_Records from a data collection_.
◆ ◆ ◆ ◆

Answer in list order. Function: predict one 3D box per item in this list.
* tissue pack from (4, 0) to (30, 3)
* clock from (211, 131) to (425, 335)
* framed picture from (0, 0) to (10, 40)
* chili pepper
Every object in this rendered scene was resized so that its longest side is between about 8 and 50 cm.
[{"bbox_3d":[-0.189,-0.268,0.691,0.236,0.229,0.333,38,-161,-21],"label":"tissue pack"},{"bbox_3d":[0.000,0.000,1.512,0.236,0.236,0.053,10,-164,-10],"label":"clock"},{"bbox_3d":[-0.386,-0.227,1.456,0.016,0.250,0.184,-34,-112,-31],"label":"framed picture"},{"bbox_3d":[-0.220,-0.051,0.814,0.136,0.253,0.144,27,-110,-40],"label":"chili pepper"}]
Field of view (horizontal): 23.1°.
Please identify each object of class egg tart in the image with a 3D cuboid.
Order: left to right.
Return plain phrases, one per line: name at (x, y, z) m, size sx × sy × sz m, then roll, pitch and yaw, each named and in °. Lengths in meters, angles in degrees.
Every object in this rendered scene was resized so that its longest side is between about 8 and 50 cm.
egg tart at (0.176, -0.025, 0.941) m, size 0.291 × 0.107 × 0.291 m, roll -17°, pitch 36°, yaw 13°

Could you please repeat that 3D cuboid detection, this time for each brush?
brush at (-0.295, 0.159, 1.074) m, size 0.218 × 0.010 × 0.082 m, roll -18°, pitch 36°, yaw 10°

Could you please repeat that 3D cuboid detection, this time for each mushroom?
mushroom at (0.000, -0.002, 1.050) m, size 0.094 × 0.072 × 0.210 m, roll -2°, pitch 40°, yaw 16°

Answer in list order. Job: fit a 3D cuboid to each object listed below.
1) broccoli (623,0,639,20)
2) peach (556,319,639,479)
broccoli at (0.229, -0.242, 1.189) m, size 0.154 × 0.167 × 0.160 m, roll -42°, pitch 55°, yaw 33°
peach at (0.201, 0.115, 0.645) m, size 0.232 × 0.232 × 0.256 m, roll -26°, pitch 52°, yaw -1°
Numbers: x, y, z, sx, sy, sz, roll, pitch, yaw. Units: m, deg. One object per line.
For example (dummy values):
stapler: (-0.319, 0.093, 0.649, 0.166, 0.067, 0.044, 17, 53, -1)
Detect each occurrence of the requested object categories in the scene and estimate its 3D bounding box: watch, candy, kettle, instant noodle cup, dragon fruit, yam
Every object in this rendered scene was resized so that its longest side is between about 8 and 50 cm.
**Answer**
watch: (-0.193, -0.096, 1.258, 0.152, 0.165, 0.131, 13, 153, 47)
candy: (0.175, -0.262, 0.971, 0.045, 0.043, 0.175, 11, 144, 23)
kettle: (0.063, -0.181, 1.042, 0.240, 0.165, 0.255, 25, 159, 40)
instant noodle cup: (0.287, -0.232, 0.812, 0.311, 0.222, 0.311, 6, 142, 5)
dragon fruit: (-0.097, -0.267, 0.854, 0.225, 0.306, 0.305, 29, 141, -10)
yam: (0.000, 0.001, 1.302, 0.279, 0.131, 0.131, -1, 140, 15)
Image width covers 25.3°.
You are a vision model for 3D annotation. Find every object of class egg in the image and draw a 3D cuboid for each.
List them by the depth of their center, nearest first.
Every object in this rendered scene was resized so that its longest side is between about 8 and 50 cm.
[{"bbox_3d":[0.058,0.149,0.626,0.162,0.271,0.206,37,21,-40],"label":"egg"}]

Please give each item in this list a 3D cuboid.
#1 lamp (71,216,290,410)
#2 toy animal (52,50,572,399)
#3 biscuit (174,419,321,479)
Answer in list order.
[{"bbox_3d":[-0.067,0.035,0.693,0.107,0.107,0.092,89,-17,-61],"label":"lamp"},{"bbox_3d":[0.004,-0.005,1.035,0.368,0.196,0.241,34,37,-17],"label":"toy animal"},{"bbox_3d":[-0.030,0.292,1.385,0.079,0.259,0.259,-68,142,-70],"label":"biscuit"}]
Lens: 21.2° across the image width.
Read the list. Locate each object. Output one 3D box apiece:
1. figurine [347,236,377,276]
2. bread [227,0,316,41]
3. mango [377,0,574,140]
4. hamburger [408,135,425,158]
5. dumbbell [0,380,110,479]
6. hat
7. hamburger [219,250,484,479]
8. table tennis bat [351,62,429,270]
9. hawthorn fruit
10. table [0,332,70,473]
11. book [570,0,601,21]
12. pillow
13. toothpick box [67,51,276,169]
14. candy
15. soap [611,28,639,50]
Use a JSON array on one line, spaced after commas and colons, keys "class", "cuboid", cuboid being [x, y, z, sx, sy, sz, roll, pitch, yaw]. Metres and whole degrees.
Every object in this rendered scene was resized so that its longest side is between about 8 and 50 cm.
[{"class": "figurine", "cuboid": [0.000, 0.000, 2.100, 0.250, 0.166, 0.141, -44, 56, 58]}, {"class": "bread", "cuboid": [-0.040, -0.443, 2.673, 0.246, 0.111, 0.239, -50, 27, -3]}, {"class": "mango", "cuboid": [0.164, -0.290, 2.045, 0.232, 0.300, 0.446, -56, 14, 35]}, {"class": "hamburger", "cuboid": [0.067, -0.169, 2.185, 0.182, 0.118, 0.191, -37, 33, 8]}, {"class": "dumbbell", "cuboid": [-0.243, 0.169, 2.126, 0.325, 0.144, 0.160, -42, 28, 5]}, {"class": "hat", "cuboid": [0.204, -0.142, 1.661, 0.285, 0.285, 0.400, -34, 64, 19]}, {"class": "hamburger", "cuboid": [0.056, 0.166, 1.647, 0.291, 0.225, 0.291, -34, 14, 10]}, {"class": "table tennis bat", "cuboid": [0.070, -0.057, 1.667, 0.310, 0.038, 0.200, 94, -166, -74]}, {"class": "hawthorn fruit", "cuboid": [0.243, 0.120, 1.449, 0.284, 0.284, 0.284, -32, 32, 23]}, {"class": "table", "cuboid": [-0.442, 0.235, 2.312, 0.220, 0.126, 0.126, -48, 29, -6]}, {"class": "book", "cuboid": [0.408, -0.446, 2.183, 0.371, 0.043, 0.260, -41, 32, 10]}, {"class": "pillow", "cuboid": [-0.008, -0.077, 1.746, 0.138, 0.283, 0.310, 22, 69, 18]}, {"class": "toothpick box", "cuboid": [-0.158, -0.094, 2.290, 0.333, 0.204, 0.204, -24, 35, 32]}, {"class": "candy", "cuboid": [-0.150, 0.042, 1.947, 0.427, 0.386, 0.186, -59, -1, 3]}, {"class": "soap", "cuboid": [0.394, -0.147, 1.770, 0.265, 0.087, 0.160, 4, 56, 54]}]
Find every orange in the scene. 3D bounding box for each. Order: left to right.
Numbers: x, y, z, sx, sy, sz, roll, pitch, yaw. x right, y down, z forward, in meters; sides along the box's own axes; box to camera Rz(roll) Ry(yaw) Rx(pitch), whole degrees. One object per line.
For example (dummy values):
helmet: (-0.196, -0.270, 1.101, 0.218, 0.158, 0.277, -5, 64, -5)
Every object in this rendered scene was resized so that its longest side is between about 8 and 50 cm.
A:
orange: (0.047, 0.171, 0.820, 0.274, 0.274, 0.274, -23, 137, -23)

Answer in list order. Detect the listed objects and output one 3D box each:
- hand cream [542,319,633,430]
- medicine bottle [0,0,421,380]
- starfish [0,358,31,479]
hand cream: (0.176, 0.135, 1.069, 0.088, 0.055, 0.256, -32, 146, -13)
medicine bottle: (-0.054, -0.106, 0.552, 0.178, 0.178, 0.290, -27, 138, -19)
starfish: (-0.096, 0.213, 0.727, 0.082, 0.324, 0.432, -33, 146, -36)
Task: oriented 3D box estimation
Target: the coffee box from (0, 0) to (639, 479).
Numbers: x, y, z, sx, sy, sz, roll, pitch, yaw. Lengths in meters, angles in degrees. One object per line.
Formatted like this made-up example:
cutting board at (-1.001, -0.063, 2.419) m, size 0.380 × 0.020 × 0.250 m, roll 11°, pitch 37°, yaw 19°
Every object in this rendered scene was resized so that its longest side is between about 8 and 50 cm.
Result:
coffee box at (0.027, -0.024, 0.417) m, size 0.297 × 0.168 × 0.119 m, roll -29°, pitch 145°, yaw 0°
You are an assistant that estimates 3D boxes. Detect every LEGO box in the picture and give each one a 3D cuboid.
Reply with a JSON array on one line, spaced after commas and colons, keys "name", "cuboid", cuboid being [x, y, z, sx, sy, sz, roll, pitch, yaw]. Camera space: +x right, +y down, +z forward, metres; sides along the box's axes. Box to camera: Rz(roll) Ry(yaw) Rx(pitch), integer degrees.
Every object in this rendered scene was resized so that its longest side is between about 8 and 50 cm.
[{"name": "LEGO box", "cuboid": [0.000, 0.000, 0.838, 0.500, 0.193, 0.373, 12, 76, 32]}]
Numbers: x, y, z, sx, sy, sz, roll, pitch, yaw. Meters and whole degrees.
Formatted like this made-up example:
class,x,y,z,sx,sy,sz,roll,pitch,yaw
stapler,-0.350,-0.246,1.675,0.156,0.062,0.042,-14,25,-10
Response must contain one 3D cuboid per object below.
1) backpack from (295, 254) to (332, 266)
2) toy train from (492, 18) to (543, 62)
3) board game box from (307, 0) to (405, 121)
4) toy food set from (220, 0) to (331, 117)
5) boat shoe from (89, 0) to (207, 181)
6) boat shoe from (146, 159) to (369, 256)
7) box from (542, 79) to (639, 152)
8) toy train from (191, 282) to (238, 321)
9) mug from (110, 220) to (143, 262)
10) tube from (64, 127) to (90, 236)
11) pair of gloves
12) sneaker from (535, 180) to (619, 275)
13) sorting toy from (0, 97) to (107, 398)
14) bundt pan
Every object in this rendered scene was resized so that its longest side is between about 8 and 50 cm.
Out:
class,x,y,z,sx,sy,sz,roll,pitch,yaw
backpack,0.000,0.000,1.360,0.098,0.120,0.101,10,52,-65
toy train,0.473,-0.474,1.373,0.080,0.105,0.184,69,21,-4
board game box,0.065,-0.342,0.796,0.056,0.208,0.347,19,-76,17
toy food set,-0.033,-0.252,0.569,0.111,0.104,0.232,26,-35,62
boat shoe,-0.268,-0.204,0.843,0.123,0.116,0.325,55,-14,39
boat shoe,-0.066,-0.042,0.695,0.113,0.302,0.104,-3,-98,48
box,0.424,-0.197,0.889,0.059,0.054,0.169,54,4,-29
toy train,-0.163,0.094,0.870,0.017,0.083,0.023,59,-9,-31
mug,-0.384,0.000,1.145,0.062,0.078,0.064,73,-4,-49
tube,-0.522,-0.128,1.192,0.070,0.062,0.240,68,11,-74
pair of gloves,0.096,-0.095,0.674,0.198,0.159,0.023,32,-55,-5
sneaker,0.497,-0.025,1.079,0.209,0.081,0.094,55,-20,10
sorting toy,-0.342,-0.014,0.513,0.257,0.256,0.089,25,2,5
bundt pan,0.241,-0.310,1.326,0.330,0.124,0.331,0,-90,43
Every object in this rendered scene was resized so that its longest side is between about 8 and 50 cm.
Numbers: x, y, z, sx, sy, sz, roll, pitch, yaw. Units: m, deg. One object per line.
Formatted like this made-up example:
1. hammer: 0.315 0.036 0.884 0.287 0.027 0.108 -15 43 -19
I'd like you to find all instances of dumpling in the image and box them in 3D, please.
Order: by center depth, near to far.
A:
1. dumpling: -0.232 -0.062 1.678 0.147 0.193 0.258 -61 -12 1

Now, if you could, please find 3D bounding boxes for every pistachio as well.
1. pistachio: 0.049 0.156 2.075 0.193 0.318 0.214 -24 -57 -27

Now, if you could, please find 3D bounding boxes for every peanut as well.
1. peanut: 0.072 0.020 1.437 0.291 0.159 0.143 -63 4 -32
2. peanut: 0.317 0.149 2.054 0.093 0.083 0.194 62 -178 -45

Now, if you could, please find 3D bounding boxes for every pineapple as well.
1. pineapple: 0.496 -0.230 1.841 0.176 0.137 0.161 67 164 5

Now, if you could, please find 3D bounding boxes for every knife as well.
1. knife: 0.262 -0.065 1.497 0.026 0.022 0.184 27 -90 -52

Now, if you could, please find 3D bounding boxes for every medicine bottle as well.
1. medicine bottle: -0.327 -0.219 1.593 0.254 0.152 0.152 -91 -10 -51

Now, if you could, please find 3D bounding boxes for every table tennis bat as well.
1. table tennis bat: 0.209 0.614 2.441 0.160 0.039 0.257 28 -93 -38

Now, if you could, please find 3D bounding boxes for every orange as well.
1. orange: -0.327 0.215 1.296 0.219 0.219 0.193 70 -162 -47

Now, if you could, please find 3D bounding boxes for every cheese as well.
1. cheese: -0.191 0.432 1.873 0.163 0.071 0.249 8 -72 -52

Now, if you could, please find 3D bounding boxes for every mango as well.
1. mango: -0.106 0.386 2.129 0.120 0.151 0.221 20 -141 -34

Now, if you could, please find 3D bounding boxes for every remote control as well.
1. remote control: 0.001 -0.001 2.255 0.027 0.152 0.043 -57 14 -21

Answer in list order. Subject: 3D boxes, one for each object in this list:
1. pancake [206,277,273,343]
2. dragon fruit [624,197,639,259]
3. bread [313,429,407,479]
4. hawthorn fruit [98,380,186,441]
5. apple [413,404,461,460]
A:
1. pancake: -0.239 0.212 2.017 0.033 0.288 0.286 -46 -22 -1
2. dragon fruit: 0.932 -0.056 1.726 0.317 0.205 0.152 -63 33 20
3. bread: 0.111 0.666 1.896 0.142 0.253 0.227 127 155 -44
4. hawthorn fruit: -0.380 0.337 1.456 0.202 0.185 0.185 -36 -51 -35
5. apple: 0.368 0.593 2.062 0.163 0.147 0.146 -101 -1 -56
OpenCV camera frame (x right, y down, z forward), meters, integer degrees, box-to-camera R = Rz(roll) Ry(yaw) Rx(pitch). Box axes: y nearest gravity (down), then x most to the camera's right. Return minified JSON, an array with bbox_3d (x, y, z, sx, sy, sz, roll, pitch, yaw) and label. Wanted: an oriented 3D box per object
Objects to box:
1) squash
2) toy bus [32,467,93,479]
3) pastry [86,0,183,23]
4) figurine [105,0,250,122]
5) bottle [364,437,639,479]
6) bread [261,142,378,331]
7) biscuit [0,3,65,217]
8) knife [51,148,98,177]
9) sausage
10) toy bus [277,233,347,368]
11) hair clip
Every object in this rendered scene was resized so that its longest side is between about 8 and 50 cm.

◆ ◆ ◆ ◆

_Exercise objective_. Please give an exact copy of the entries above, from the line with "Numbers: x, y, z, sx, sy, sz, roll, pitch, yaw. Lengths" down to the line with "Response must contain", inclusive, and nothing else.

_Task answer_.
Numbers: x, y, z, sx, sy, sz, roll, pitch, yaw. Lengths in meters, angles in degrees. One object per line.
Formatted like this made-up example:
cutting board at (-1.001, -0.063, 2.419) m, size 0.380 × 0.020 × 0.250 m, roll 11°, pitch 37°, yaw 19°
Every object in this rendered scene was resized so that its longest side is between about 8 and 50 cm.
Result:
coffee box at (0.027, -0.024, 0.417) m, size 0.297 × 0.168 × 0.119 m, roll -29°, pitch 145°, yaw 0°
You are an assistant that estimates 3D boxes. Detect every LEGO box in the picture and give each one a 3D cuboid.
Reply with a JSON array on one line, spaced after commas and colons, keys "name", "cuboid", cuboid being [x, y, z, sx, sy, sz, roll, pitch, yaw]. Camera space: +x right, +y down, +z forward, metres; sides along the box's axes. Box to camera: Rz(roll) Ry(yaw) Rx(pitch), integer degrees.
Every object in this rendered scene was resized so that its longest side is between about 8 and 50 cm.
[{"name": "LEGO box", "cuboid": [0.000, 0.000, 0.838, 0.500, 0.193, 0.373, 12, 76, 32]}]
Numbers: x, y, z, sx, sy, sz, roll, pitch, yaw. Meters and whole degrees.
Formatted like this made-up example:
class,x,y,z,sx,sy,sz,roll,pitch,yaw
stapler,-0.350,-0.246,1.675,0.156,0.062,0.042,-14,25,-10
Response must contain one 3D cuboid per object below.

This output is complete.